Peaches are among the easiest crops to preserve for long-term use. Peaches may be dehydrated, cooked into jam, frozen or canned in heavy syrup, but one of our favorite methods is pickling. Sweet and sour with warm highlights of cinnamon and cloves, pickled peaches can be served over poultry or pork, as an out-of-the-ordinary sandwich condiment or even spooned over ice cream or yogurt. Whether you are new to pickling or a seasoned pro, pickled peaches are a summer favorite not to be missed.
Ingredients: 5 pounds ripe peaches / 1 lemon / 4 cups sugar / 3 cups white vinegar / 4 cinnamon sticks / 1 tablespoon whole cloves
Start boiling water in a large pot or water bath canner before preparing fruit to seal jars for storage.
Bring a large pot of water to a boil and drop a few peaches at a time into the water for one minute. Blanching will loosen the skins of peaches, making them easier to remove.

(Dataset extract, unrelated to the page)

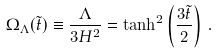<formula> <loc_0><loc_0><loc_500><loc_500>\Omega _ { \Lambda } ( { \tilde { t } } ) \equiv \frac { \Lambda } { 3 H ^ { 2 } } = \tanh ^ { 2 } \left ( \frac { 3 \tilde { t } } { 2 } \right ) \, .</formula>

After blanching peaches, immediately place in a bowl of ice water to suspend cooking and make fruit safe for handling.
Peel and cut fruit into slices or halves (depending on preference) and remove the pit. When selecting peaches, choose the freestone variety for a more easily removed pit. Sprinkle with juice of a lemon to prevent browning.
In a large pot, combine 4 cups of sugar, 3 cups of white vinegar, 4 cinnamon sticks and 1 tablespoon cloves and bring to a boil over high heat. These spices will impart rich flavor to the fruit while cooking and will also be packed into canning jars with pickled peaches.
Add peaches to the pickling brine and return to a boil.
Reduce heat to medium and simmer for 10 minutes. Peaches will soften and absorb the rich flavor of the brine.
Ladle peaches into 2 quart- or 4 pint-sized sterile canning jars and top with brine, leaving 1/2-inch of headspace. Include 1 or 2 cinnamon sticks in each jar.
Place a new lid on each jar and secure with sterile bands. Place jars in a boiling water bath for 25 minutes to seal.
Remove jars from water bath and allow to cool on the counter. An audible *pop* should indicate jars have successfully sealed. If no *pop* is heard, peaches may not be pantry-safe and should be stored in the refrigerator and used within a month or two. Safely sealed jars may be stored in a cool, dry location for up to a year without significant loss of flavor.